While the study noted that overall, Karnataka has performed decently on different parameters like – growth in number of industries (#5), capacity utilisation and capital structure (#6), input cost (#7) and road density (#10), however, the state needs to focus on improving efficiency along with low employee cost and higher rail density.

With a ratio of 1.29, Maharashtra has emerged on top with growth in terms of entrepreneurs memorandum (EM) part-II filed by micro, small and medium enterprises (MSMEs) at District Industrial Centres in 2014-15 over 2012-13.

“Though Maharashtra has been at par with Karnataka but if the state continues to focus on promoting ease of doing business, it can emerge as a potential investment hub for various sectors,” the report asserted.

The ASSOCHAM Economic Research Bureau (AERB) had considered various parameters like number of factories, output value, working capital, net fixed capital formation, fixed capital, finished goods, capital invested, total inputs and others to ascertain the states’ performance in terms of manufacturing sector.

Highlighting the methodology, the study stated that all states were divided into two three major categories according to geographical conditions, viz., north-eastern, Himalayan and mainstream states. Mainstream states were further divided into two sub-categories, namely, excellence and emergence.

Further, the data was taken for each state from sources like Annual Survey of Industries, Ministry of Statistics and Programme Implementation, Government of India website for a five year period between 2009-10 to 2014-15.

The study also highlighted various challenges being faced by India’s manufacturing sector – competitive cost and technology being offered by countries like Bangladesh, China, Indonesia, Korea, Singapore and Taiwan.

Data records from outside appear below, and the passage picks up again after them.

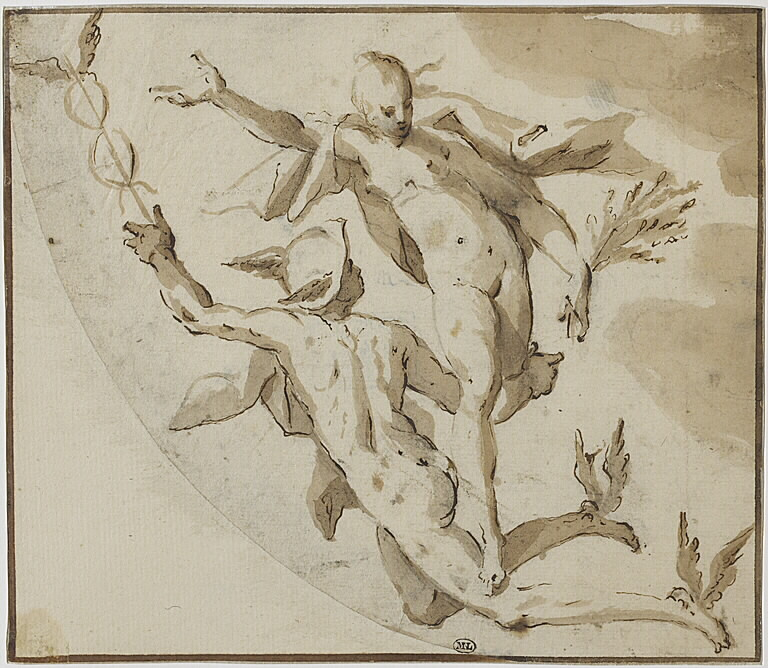Imagine this scene is part of an epic mythological tale. What mythological figures could these characters be, and what might their story entail? In an epic mythological tale, these figures could be representations of gods or heroes from ancient mythology. The male figure could be Hermes, the messenger god known for his speed and ability to traverse different realms, while the female could be Iris, the goddess of the rainbow and a messenger as well. Their story might involve a critical mission to deliver a divine message or save humanity from impending disaster. Hermes, with his winged sandals, supports Iris as they fly through the heavens, combining their strengths to overcome a formidable challenge. Their journey could embody themes of unity, divine intervention, and the harmonious balance of masculine and feminine forces. 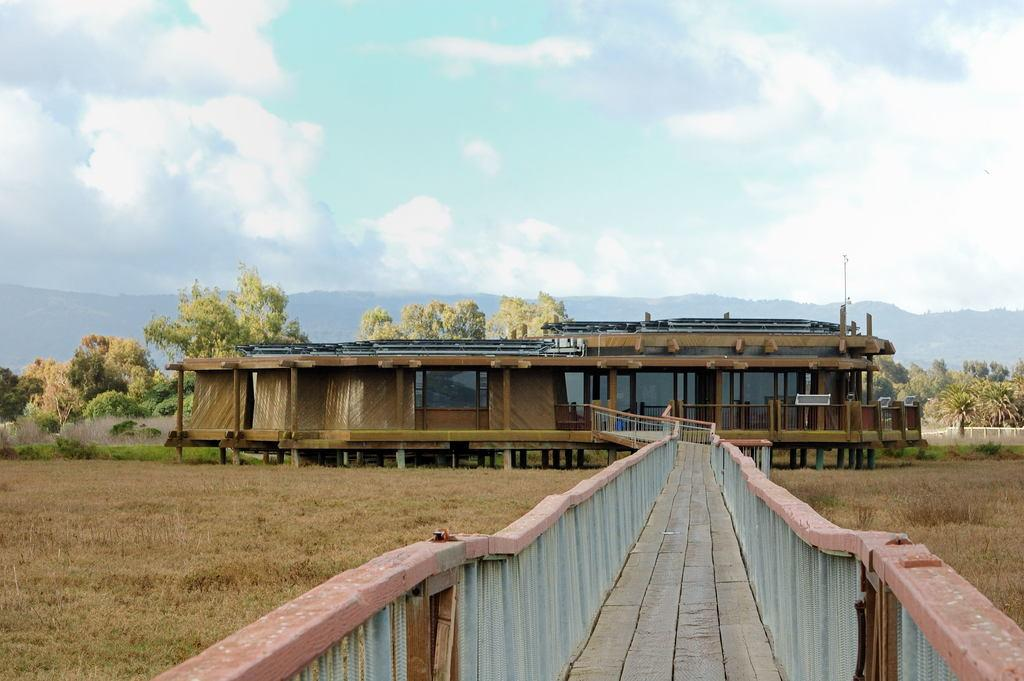What type of path is visible in the image? There is a wooden path in the image. What structure can be seen in the background of the image? There is a wooden house in the background of the image. What color are the trees in the image? The trees in the image have green color. What colors are visible in the sky in the image? The sky is blue and white in color. Where is the tank located in the image? There is no tank present in the image. What shape is the wooden house in the image? The shape of the wooden house is not mentioned in the provided facts, so we cannot determine its shape from the image. 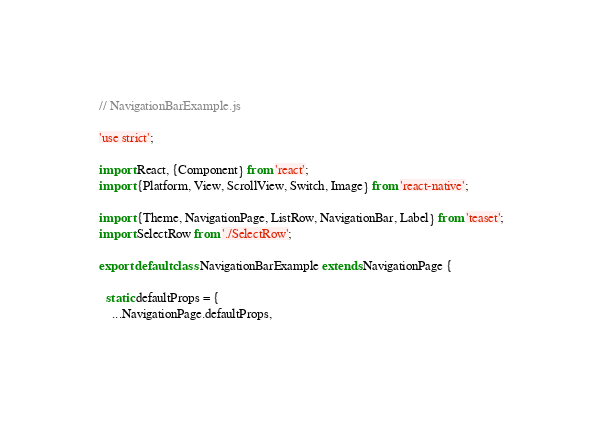<code> <loc_0><loc_0><loc_500><loc_500><_JavaScript_>// NavigationBarExample.js

'use strict';

import React, {Component} from 'react';
import {Platform, View, ScrollView, Switch, Image} from 'react-native';

import {Theme, NavigationPage, ListRow, NavigationBar, Label} from 'teaset';
import SelectRow from './SelectRow';

export default class NavigationBarExample extends NavigationPage {

  static defaultProps = {
    ...NavigationPage.defaultProps,</code> 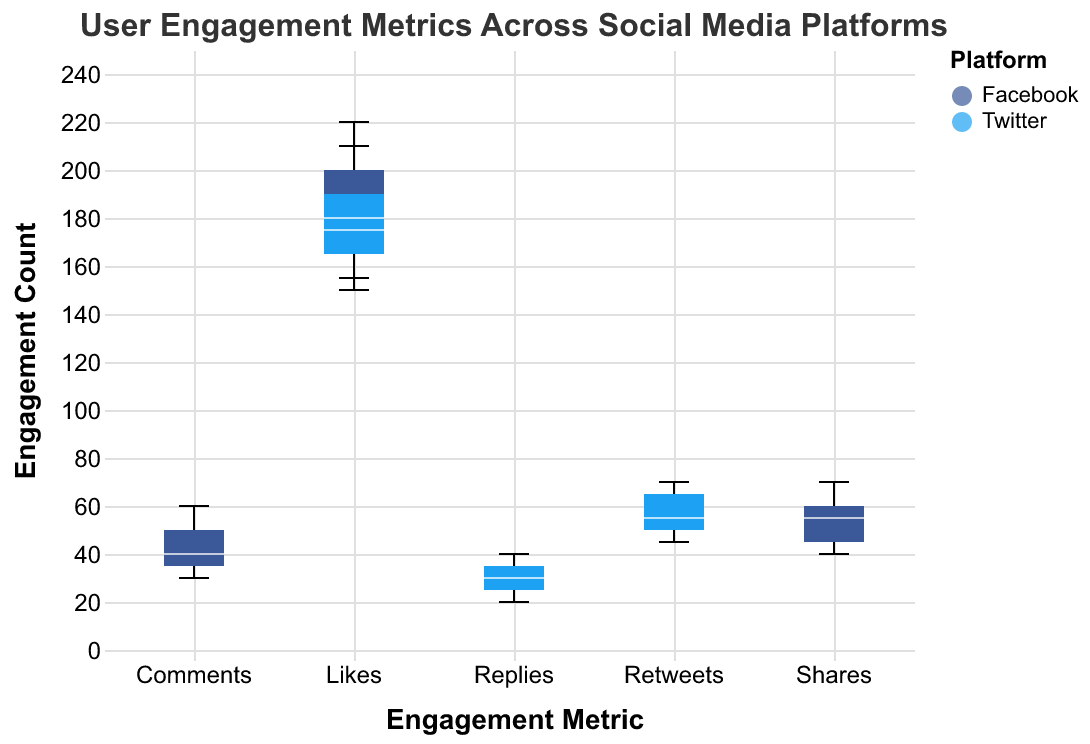What is the title of the plot? The title of the plot is located at the top of the figure and reads "User Engagement Metrics Across Social Media Platforms"
Answer: User Engagement Metrics Across Social Media Platforms Which social media platforms are compared in the figure? The platforms can be identified by the colors in the legend. The plot compares Facebook and Twitter.
Answer: Facebook and Twitter What is the color used to represent Twitter in the plot? The legend corresponding to the colors indicates that Twitter is represented by a light blue color.
Answer: Light blue What metric has the highest median engagement on Facebook? To find the highest median engagement for Facebook, look at the median lines within Facebook's box plots for "Likes," "Shares," and "Comments." The median for "Likes" appears to be the highest.
Answer: Likes What is the range of engagement values for Twitter Retweets? The range can be found by looking at the endpoints of the box plot's whiskers for "Retweets" under Twitter. The range is from 45 to 70.
Answer: 45 to 70 How does the median value of Facebook Shares compare to Twitter Retweets? Compare the median lines of the box plots for Facebook Shares and Twitter Retweets. Facebook Shares have a median around 55, and Twitter Retweets also have a median around 55.
Answer: Equal Which metric has the largest interquartile range (IQR) on Facebook? The IQR can be determined by the width of the box in the box plot. Compare the lengths of the boxes for "Likes," "Shares," and "Comments" on Facebook. The "Likes" box appears to be the widest.
Answer: Likes Are there any outliers for Twitter Replies? Outliers are indicated by points outside the whiskers. Checking the "Replies" metric for Twitter, there are no points outside the whiskers, so there are no outliers.
Answer: No What is the interquartile range (IQR) for Facebook Comments? The interquartile range is the distance between the first and third quartiles (the bottom and top of the box). For Facebook Comments, the bottom of the box is at 35 and the top is at 50, so the IQR is 50 - 35 = 15.
Answer: 15 Which platform has a higher maximum engagement value for the "Likes" metric? Look at the maximum whisker for "Likes" metric on both platforms. Facebook's maximum is 220, and Twitter's is 210. Facebook has the higher maximum engagement value for likes.
Answer: Facebook

While development process in other countries follows a transition from agriculture to manufacturing and then towards services sector, however India’s growth has been services sector-led as such there have always been concerns about sustainability of such a growth.

Highlighting the importance of increasing share of manufacturing sector in India’s gross domestic product (GDP) to absorb a young workforce as bulk of population relies on agriculture for employment.

“The Union Government must address issues relating to poor product quality, infrastructural bottlenecks and inadequate efforts at research and development from a holistic macro perspective as they have collectively taken a toll on India’s manufacturing competitiveness,” the study said.

Considering that majority of investment projects in the manufacturing sector are stuck in different stages of implementation, ASSOCHAM has time and again suggested the Union Government to develop a strong plan to prioritise speeding-up the process by creating a target-oriented roadmap.

At the same time it stated that private investors must also be held accountable and be penalised if projects get delayed or stuck due to improper planning, change of ownership, lack of finance, absence of co-ordination with contractors and other related issues.